Der Grenzwertgeber muss speziell auf jedem Öllagerbehälter eingestellt werden, diese Einstellung erfolgt über Tabellen welche durch den Hersteller des Grenzwertgebers mitgeliefert werden. In diesen Tabellen sind verschiedene Tanksysteme aufgelistet und auch demzufolge verschieden Einstellmaße für den Grenzwertgeber vorgegeben. Diese Maße sind auch strikt einzuhalten um eine Überfüllen des Tanks zu verhindern. Die eingestellten Maße sind, in der mitgelieferten Beschreibung zu notieren und durch den jeweiligen Installateur zu unterschreiben.
Generell zum Einbau gilt:
– der Grenzwertgeber ist entsprechend der beiliegenden Einbauanleitung zu installieren.
– er ist grundsätzlich in vertikaler Lage einzubauen.
– vor dem Einbau sind etwa vorhandene, selbsttätig wirkende, mechanische Überfüllsicherungen auszubauen (sie können die Funktionssicherheit
der Abfüllsicherung beeinträchtigen).
– der Einbau in Schutz- oder Peilrohre ist unzulässig.
– die Anschlusseinrichtung (Wandarmatur) ist in der Nähe des Füllstutzens zu montieren, bei mehreren Füllstutzen ist auf eine eindeutige
Zuordnung der jeweiligen Anschlusseinrichtung zu achten.

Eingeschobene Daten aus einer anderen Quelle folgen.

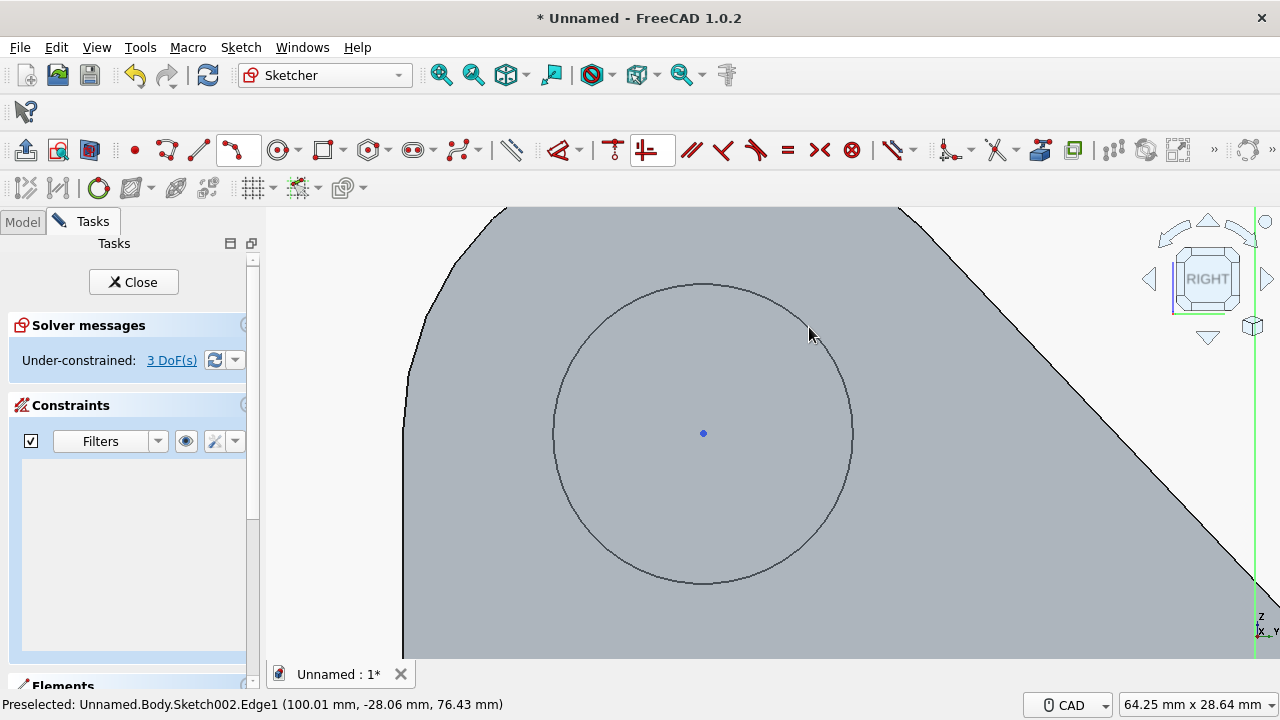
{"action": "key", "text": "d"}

– die Auslauföffnung des Füllrohres muss in das untere Drittel des Tanks geführt werden und das Füllrohr muss so gestaltet
sein, dass kein Öl an den Grenzwertgeber spritzen kann; dadurch wird eine Beeinflussung des Grenzwertgebers sowie ein zu starkes
Aufschäumen des Öles beim Befüllen vermieden.
[Bild: Oventrop]
Wenn die Kabellänge des Grenzwertgebers für Batterietanks und kellergeschweißte Tanks nicht ausreicht, kann das Kabel an einer
Feuchtraumdose angeschlossen werden. Von dort aus muss ein Feuchtraumkabel 2 x 1 mm2 (ab 50 m Leitungslänge 2 x 1,5 mm2)
– auf die richtige Polung achten – zur Armatur für Wandmontage neben dem Füllstutzen verlegt werden. Die VDE-Vorschrift 0165 ist dabei zu beachten.
Ein Grenzwertgeber muss auch, am besten im Rahmen der jährlichen Heizungswartung einer Funktionskontrolle unterzogen werden. Diese Kontrolle kann augenscheinlich, oder besser per Messgerät vorgenommen werden. Grenzwertgeber, die vor 1984 hergestellt und eingebaut wurden, können nämlich aufgrund ihrer Konstruktion im Laufe der Jahre durch Pilzwachstum verstopfen. Bei heutigen Grenzwertgebern ist eine solche Beinträchtigung ausgeschlossen. Zur Sicherheit sollte deshalb ein technisch veralteter Grenzwertgeber bei Gelegenheit, etwa bei der Jahresinspektion der Heizung oder vor der nächsten Heizöllieferung, von einem Fachunternehmen gegen einen modernen ausgetauscht werden.